Jak już wskazałam, zadania jednostek samorządu terytorialnego wynikają z przepisów ustaw szczególnych. Jako przykład można wskazać art. 18 ust. 1 pkt 3 ustawy z 10 kwietnia 1997 r. - Prawo energetyczne[13], któremu nowe brzmienie nadał art. 61 ustawy z 13 listopada 2003 r. o dochodach jednostek samorządu terytorialnego[14]. Zgodnie z powołanym przepisem, do zadań własnych gminy w zakresie zaopatrzenia w energię elektryczną, ciepło i paliwa gazowe zaliczono finansowanie oświetlenia ulic, placów i dróg, znajdujących się na terenie gminy, a zatem wprowadzono obowiązek finansowania nowych zadań. Powyższy przepis stał się podstawą do wystąpienia Rady Miejskiej w Bełżycach do Trybunału Konstytucyjnego o zbadanie zgodności art. 61 ustawy o dochodach z art. 167 ust. 1 i 4 Konstytucji. W ocenie Rady na mocy tego przepisu zobowiązano gminę do pokrywania kosztów oświetlenia ulic, placów, dróg wojewódzkich i powiatowych ze środków budżetu gminy, nie zapewniając jej jednak udziału w dochodach publicznych odpowiednio do przypadających jej zadań. Wyrokiem z 31 maja 2005 roku Trybunał Konstytucyjny uznał, że art. 61 ustawy o dochodach w zakresie, w jakim wprowadza zmiany do prawa energetycznego dotyczące rozszerzenia obowiązku finansowania oświetlenia dróg publicznych przez gminy, jest zgodny z Konstytucją[15]. Dokonując oceny przepisów ustawy o dochodach, Trybunał Konstytucyjny stwierdził, że jest ona wyrazem ogólnej reformy systemu finansów samorządu terytorialnego, której celem ma być zmiana warunków funkcjonowania samorządów terytorialnych, decentralizacja funkcji państwa, a także przeniesienie części dochodów państwa do samorządów i zmiana ich struktury, polegająca na przesunięciu dużej części dochodów, przekazywanych dotychczas jako subwencje i dotacje, do dochodów własnych jednostek samorządu terytorialnego. W tym celu zwiększono udział gmin we wpływach z podatków dochodowych, docelowo do 39,34% z podatku dochodowego od osób fizycznych oraz 6,71% z podatku dochodowego od osób prawnych.

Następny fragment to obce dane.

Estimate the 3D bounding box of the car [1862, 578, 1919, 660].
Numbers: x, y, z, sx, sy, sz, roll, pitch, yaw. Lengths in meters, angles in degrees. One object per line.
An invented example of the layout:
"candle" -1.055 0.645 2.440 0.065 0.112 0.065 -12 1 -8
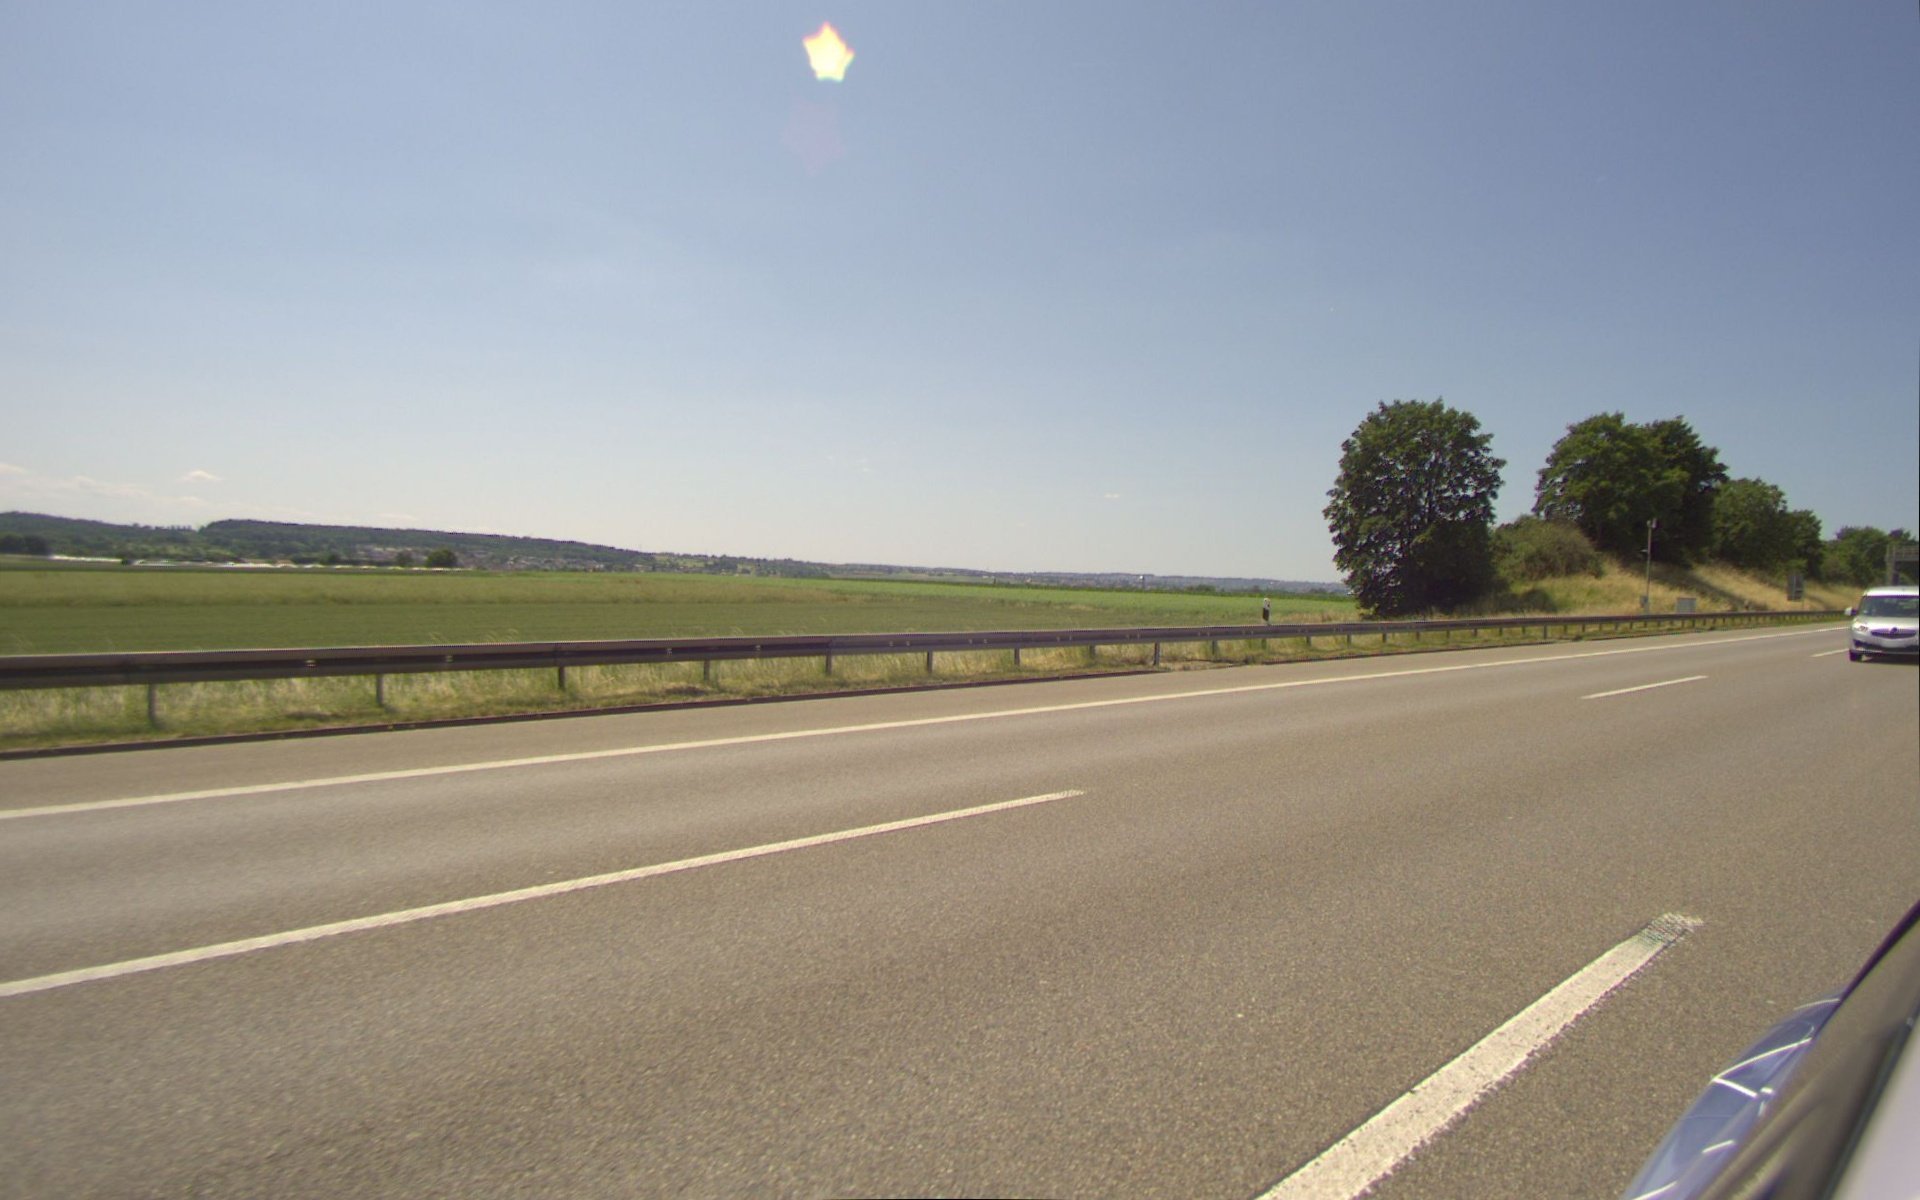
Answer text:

Obowiązujące wcześniej (do końca 2003 r.) brzmienie art. 18 ustawy Prawo energetyczne zaliczało do zadań własnych gminy obowiązek finansowania oświetlenia ulic, placów i dróg znajdujących się na jej terenie, jeśli była ona ich zarządcą. Natomiast oświetlenie pozostałych dróg, które nie pozostawały w zarządzie gminy, pokrywał budżet państwa, który finansował również wydatki na oświetlenie dróg publicznych krajowych, wojewódzkich i powiatowych w granicach miast na prawach powiatu, a zasady i terminy przekazywania środków określał w drodze rozporządzenia Minister Finansów[16]. Istniała zatem zasada, że oświetlenie dróg finansuje jej właściciel (zarządca), natomiast wyjątek dotyczył jedynie miast na prawach powiatu. Zmiana nastąpiła od 1 stycznia 2004 roku, kiedy weszły w życie znowelizowane przepisy prawa energetycznego oraz ustawy z 21 marca 1985 r. o drogach publicznych[17], którymi uregulowano kwestię własności dróg. Zgodnie z art. 2a ustawy o drogach publicznych, drogi krajowe są obecnie własnością Skarbu Państwa, a drogi wojewódzkie, powiatowe i gminne własnością właściwego samorządu. Natomiast finansowanie oświetlenia powiązano z położeniem danej drogi, a nie z jej własnością, z wyjątkiem autostrad i dróg ekspresowych, w rozumieniu przepisów o autostradach płatnych. Ponadto, ustawą z 4 marca 2005 r. o zmianie ustawy - Prawo energetyczne oraz ustawy - Prawo ochrony środowiska[18] nadano po raz kolejny nowe brzmienie art. 18 ustawy Prawo energetyczne, wskazujące, że do gmin należy finansowanie oświetlenia ulic, placów i dróg publicznych znajdujących się na terenie gminy. Zmiana ta miała na celu uściślenie zakresu, w jakim gmina finansuje oświetlenie dróg, i ograniczyła ponoszenie kosztów jedynie do dróg publicznych. W obecnym stanie prawnym do zadań własnych gminy należy więc finansowanie oświetlenia wszystkich dróg publicznych znajdujących się na jej terenie, czyli także tych niepozostających w jej zarządzie, w tym dróg powiatowych, wojewódzkich i krajowych w miastach na prawach powiatu.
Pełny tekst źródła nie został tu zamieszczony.